[Opening SUPPLIED RECORDS section]

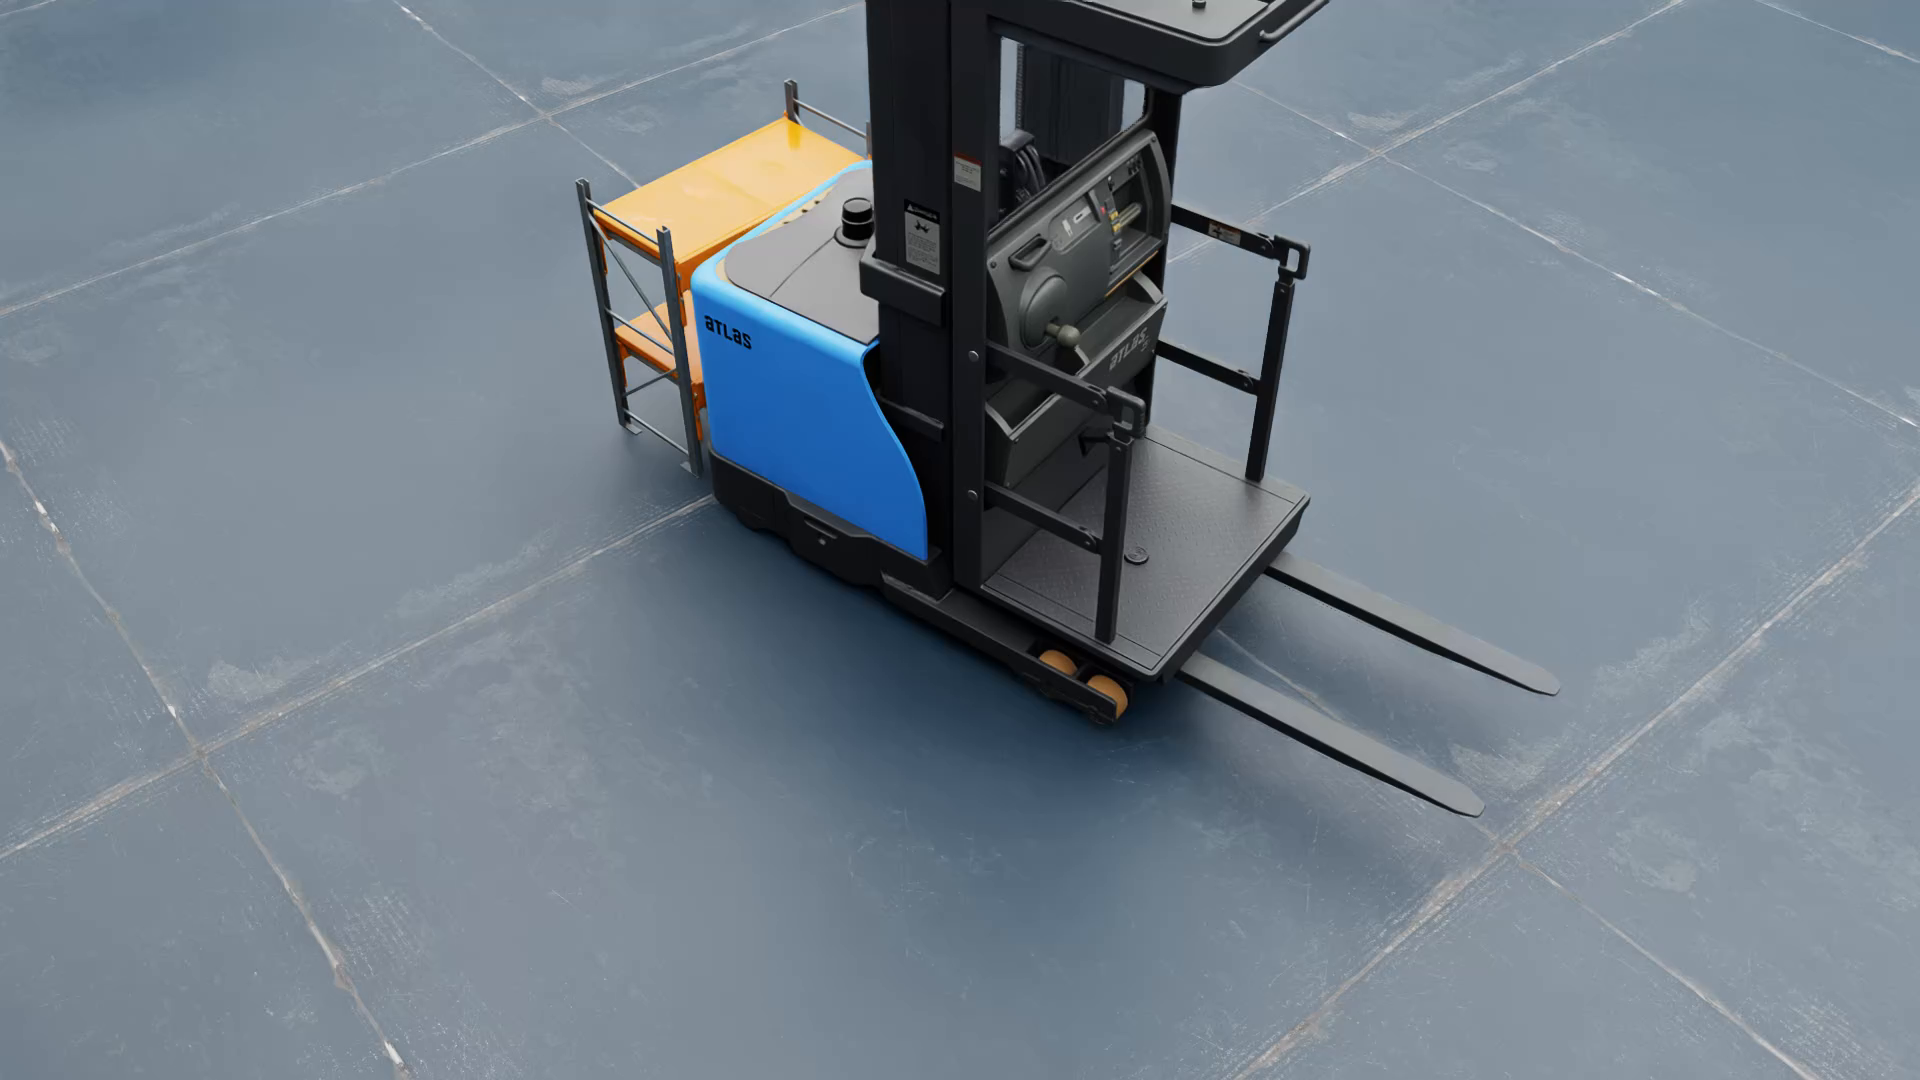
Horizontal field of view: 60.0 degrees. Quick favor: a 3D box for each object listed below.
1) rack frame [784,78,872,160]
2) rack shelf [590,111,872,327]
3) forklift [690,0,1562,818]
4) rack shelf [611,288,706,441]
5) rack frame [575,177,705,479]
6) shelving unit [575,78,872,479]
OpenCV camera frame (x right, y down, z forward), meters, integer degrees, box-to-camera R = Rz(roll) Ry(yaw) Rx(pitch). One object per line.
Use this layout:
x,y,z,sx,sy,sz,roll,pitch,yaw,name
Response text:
-0.498,-1.281,6.793,0.500,1.125,0.032,33,52,30,rack frame
-0.846,-1.241,6.322,0.538,0.278,1.000,33,52,30,rack shelf
0.548,-0.865,5.031,3.031,2.935,1.130,27,49,26,forklift
-0.846,-0.850,6.690,0.538,0.278,1.000,33,52,30,rack shelf
-1.194,-0.774,6.253,0.500,1.125,0.032,33,52,30,rack frame
-0.846,-1.028,6.523,0.538,1.125,1.048,33,52,30,shelving unit

[Closing SUPPLIED RECORDS section]

The exact lines from the beginning of the data through the one that contains "OpenCV camera frame" must be given again, both ends included, and pictures must be left out.

Horizontal field of view: 60.0 degrees. Quick favor: a 3D box for each object listed below.
1) rack frame [784,78,872,160]
2) rack shelf [590,111,872,327]
3) forklift [690,0,1562,818]
4) rack shelf [611,288,706,441]
5) rack frame [575,177,705,479]
6) shelving unit [575,78,872,479]
OpenCV camera frame (x right, y down, z forward), meters, integer degrees, box-to-camera R = Rz(roll) Ry(yaw) Rx(pitch). One object per line.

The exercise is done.